Вот сам приехал за мной, чтоб в Смольный взять. Жили мы на Васильевском острове. Сказал он это мне, а я стала его ругать. Говорю: ты душу продал антихристам, из-за тебя нам так тяжело и живется, а теперь и меня с дитем продать хочешь.
А он мне говорит:
— Дура ты. Ты посмотри, какой он, этот антихрист.
Это он про Владимира Ильича.
Уговорил меня, уломал. Известно: муж! И поехали мы в Смольный. При мне была моя девочка. Больная: туберкулез у нее был в кости, ножка в гипсе и девочка на костылях.
Сперва у меня знакомство состоялось с товарищем Горбуновым. Он объяснил мне, какая будет моя служба. А потом Владимир Ильич пришел. Обращается ко мне: «Вы жена товарища Воронцова?» Я ответила ему, не глядя в глаза. А он уже с девочкой: «Как зовут тебя? Что с твоей ножкой?»
Стала я видеться с Владимиром Ильичем по многу раз на день. Ни разу не пройдет так, чтоб не сказать ласковое ребенку, и то шлепнет да конфетку достанет, то из кармана вынет лепешку и скажет:
— Для тебя берег. Ешь, Таня, теперь хоть такую, а будет время, над таким гостинцем смеяться будут.
Мое сердце к нему вроде бы помягче стало, но все еще я думала, а не антихрист ли он?
И тут вышел тот самый случай.
Получила я хлеб на пятнадцать человек, по восьмой фунта на каждого. А барышня по ошибке дала мне не на пятнадцать человек, а на двадцать пять человек. Я это заметила и подумала: ладно, нам хлеба нужно побольше. Вон Владимир Ильич работает день и ночь, а есть почти нечего.
Вот подала я ему чай и хлеб, поболее против обыкновенного, а сама медлю, не ухожу. Думаю своей глупой головой, что он меня похвалит. Он быстро приметил хлеб и говорит:
— Товарищ Воронцова, почему вы подали много хлеба (а было-то его, хлеба, на пол-ладони уложится)? Должно быть все так же: по восьмушке. Где вы взяли?
И так поглядел на меня, что податься некуда. Я и сказала, что барышня ошиблась.
— Да вы не беспокойтесь, — говорю я. — У них много хлеба, все полки заложены. Кушайте себе, — говорю.
А он на это:
— Вы думаете, товарищ Воронцова, что у них только мы да те, о ком вы заботитесь?
И отрезал поданный ему лишек хлеба.
— Снесите, — говорит, — и больше так не делайте.
Как я от него вышла, не помню.

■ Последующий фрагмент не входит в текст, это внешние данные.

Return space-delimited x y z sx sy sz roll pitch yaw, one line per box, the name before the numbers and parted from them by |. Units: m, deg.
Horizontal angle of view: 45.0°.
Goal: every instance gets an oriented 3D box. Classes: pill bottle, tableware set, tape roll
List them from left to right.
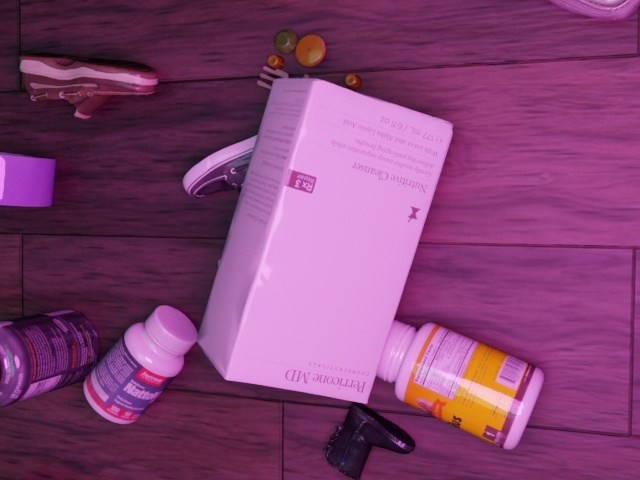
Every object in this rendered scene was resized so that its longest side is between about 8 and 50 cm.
tape roll | -0.532 -0.105 1.257 0.189 0.189 0.080 9 95 20
pill bottle | -0.472 0.186 1.215 0.130 0.246 0.130 1 92 20
pill bottle | -0.280 0.192 1.217 0.108 0.108 0.180 46 106 13
tableware set | -0.013 -0.251 1.148 0.154 0.024 0.104 25 97 19
pill bottle | 0.181 0.186 1.041 0.215 0.117 0.117 22 100 19

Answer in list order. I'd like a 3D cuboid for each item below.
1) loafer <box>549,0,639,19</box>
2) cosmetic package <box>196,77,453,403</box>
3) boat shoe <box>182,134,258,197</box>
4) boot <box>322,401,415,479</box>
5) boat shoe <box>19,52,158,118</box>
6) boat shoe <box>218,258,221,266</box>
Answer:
loafer | 0.274 -0.395 0.985 0.319 0.111 0.112 40 105 14
cosmetic package | 0.000 0.000 1.020 0.217 0.156 0.385 13 94 -25
boat shoe | -0.100 -0.104 1.157 0.228 0.080 0.076 -22 76 12
boot | 0.068 0.304 1.127 0.121 0.045 0.099 31 100 24
boat shoe | -0.372 -0.246 1.253 0.257 0.095 0.095 13 110 26
boat shoe | -0.091 0.052 1.143 0.113 0.105 0.306 34 103 16

Только заключила я теперь, что он святой. И как, бывало, пойду на улицу, так заверну в часовню и поставлю свечку.
— Господи, прости мне, что так думала я о святом, — скажу в часовне.
Когда белых разбили под Петроградом, Владимир Ильич по обыкновению заходит ко мне на кухню, чтоб приласкать Таню. Был он веселый, дал Тане немыслимую лепешку и говорит:
— Теперь, детка, ты скоро поправишься. Мы тебя в санаторию поместим.
Я подумала, что вот хорошо-то! Набралась я духу и говорю:
— Вы меня извините, Владимир Ильич, не сердитесь: я о вас вот как думала…
И рассказала, как раньше посчитала его антихристом, а теперь почитаю его за святого и свечки за него ставлю.
…В этом месте Надежда Николаевна иногда прерывала свой рассказ и сердито говорила:
— Были бы там вы, так начали б своей партейностью на меня: «Гав! Гав!» Ну и я бы тоже не стерпела и вам бы свое «Гав-гав» ответила. Вот так бы и разгавкались мы с вами…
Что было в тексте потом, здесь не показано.